How have you then further researched his life?

When I was 13 and started to show an interest in the history of football I instantly started to hunt for as much information as possible on the web about my great-granddad to understand his life and football achievements which I was unable to ask him about. My dad at times jokes and says I’m “a spitting image of him” and what would his wife Ruby my Great Grandma whom I met a couple of times when I was younger think? I collected as much information about my great-granddad as possible and created a long PowerPoint about his career at Winchester, Southampton, Arsenal, Chelsea and his life in general to look back on. I also requested ITV for footage about him talking on the “Big Match” which they sent over of him talking about playing against “Everton at their greatest” as he said during the early 30s when he assisted goalkeeper Frank Moss with his goal after he came off of his line due to dislocating his shoulder at Goodison Park on one occasion.

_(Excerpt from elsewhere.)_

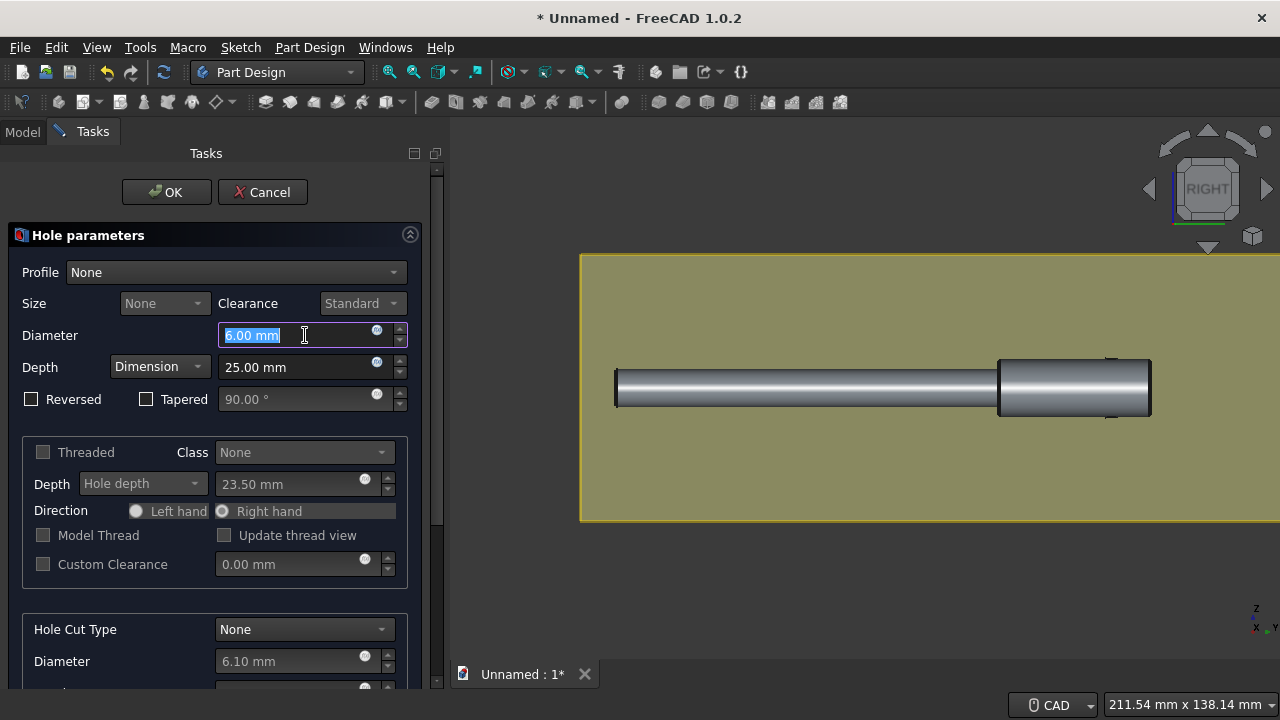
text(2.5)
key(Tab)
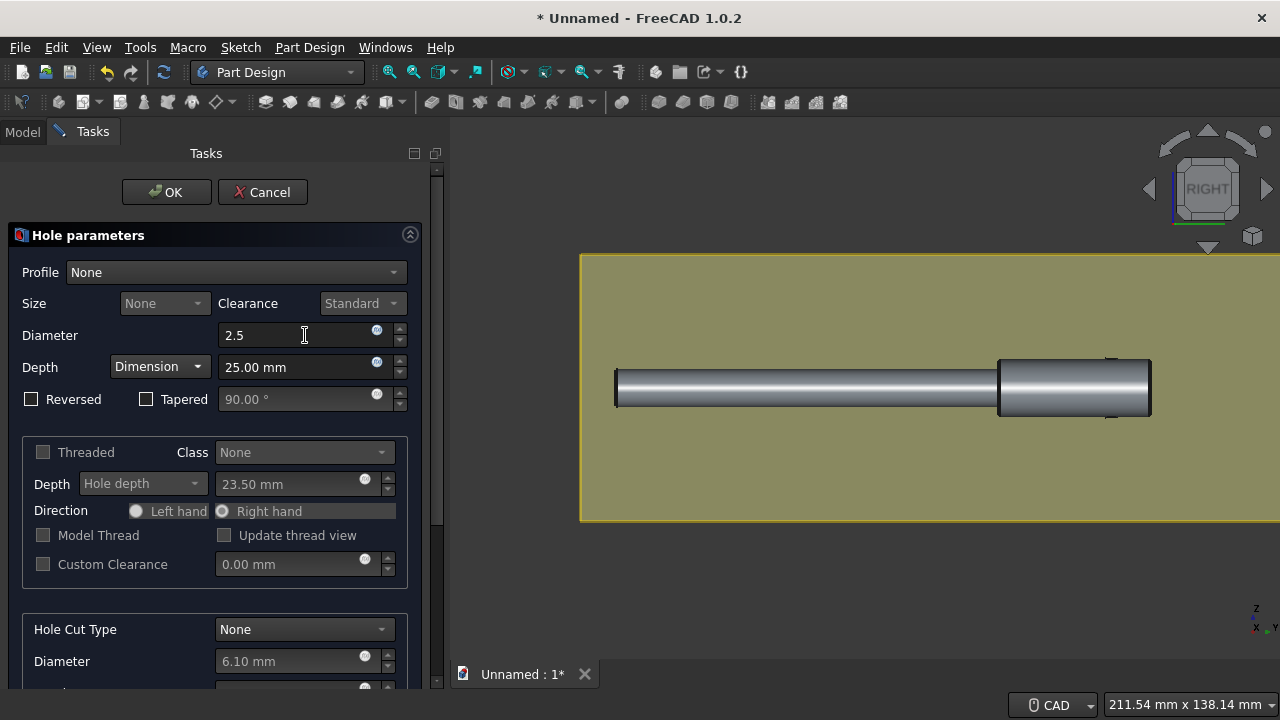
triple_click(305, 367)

Last year I subscribed to the British Newspaper archive to read and locate as much as I could about his early days in Southampton as a gas reader, about his family and career which I hadn’t found out. I also wrote articles about him for the Arsenal and Reading programme as he helped Arsenal as a player for a decade as a footballer and then Reading as a manager in the late 1940s and early 1950s. My Granddad who was born ten years to the day ironically saw Ted create the record to this day for the most goals scored in a top-flight game of English football against Aston Villa on 14th December 1935, holds programme collection books which Ted was handed at Chelsea at the end of the season when manager. I had a look at these to read his pre-game notes in the programmes to understand his stance and characteristics as a manager in comparison to when he was a player. All in all the research allows for me to understand the man and the legend that died nearly a decade before I was born.

Do you think there are specific lessons you take on from his life for yourself?

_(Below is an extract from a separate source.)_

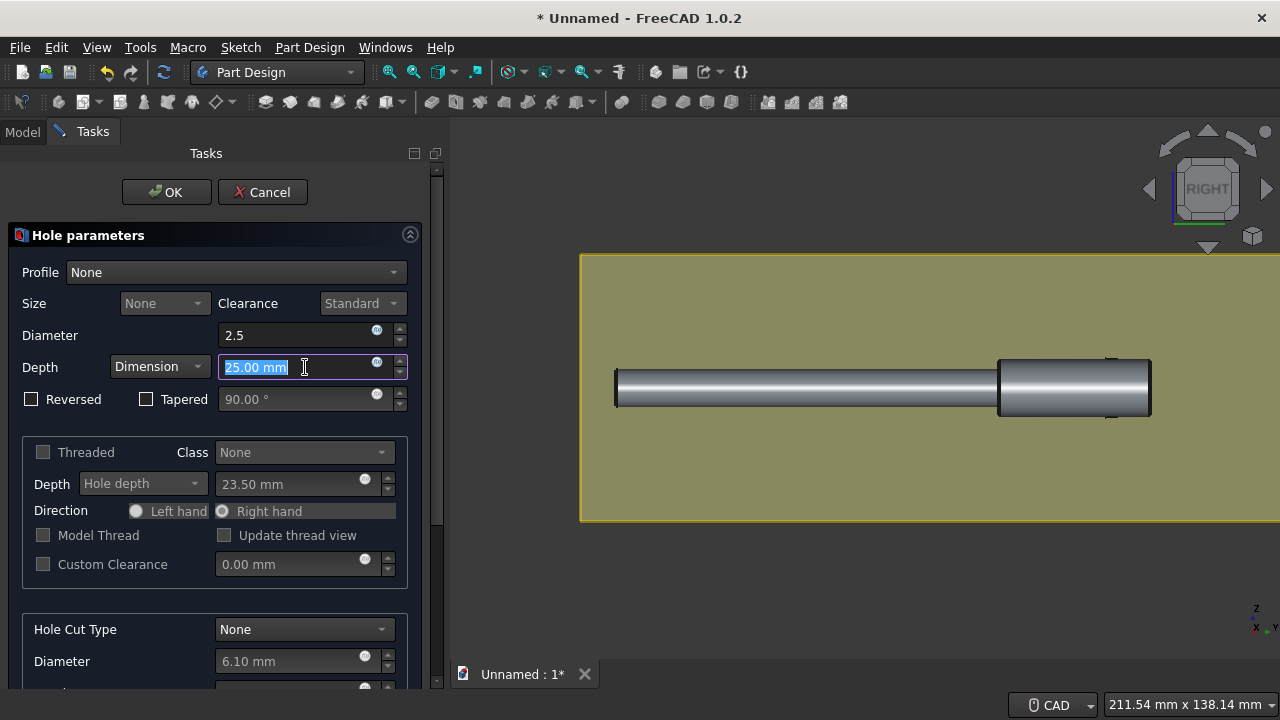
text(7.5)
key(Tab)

My Great Grandfather was able to make a profession out of doing something he loved playing football. He teaches me that I should remain committed to working towards my passion for Sports Journalism and trying to make a career out of it despite any woes I encompass because at the end of the day, I like Ted Drake and many others will consciously only live once. I might as well spend it working and doing what I love in life to avoid too many regrets on my deathbed so that I can live a fulfilled life hopefully. I tell myself that if my great-granddad could make a name for himself out of humble beginnings not far away from the docks of Southampton where the Titanic set sail so can I. Ted Drake is a role model for me to never give up on myself or my passions and that I have the potential to make it in my life in whatever I end up doing. His bravado, enthusiasm and honest nature I would say have naturally been passed down to me (well in my opinion).

How do you think other young people could benefit from researching the life of their elders (football or not)

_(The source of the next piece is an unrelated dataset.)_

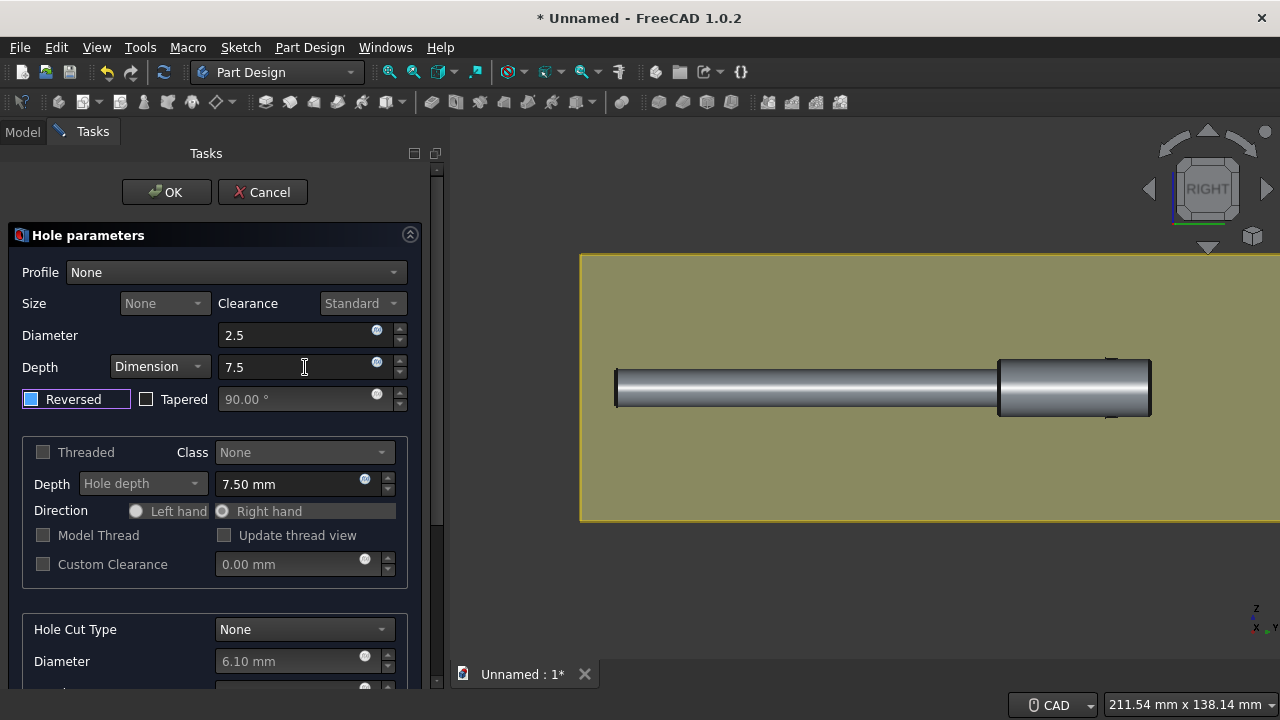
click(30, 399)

At the end of the day what our family has worked for and achieved represents who we are regardless of time and history. By learning what our elders did helps us learn about ourselves and why we may be more naturally inclined to develop certain interests, passions, personalities, morals, values and our outlook on life because it’s ingrained in us to a certain extent. It also helps one understand their heritage and the impact their family has had on the world around them and how they can carry on contributing to it at times to fulfil their purpose. It can be great at times because when you have a down day you can look back at whatever your family might’ve achieved and realise you can carry on with life with great character and determination, which is in everyone’s blood with or without realising.

Thinking Points

Educators working with young people could apply oral history approaches, to help young people to research their family history and see how football relates to it. Young people who have no interest in football might find special interest in historical relations.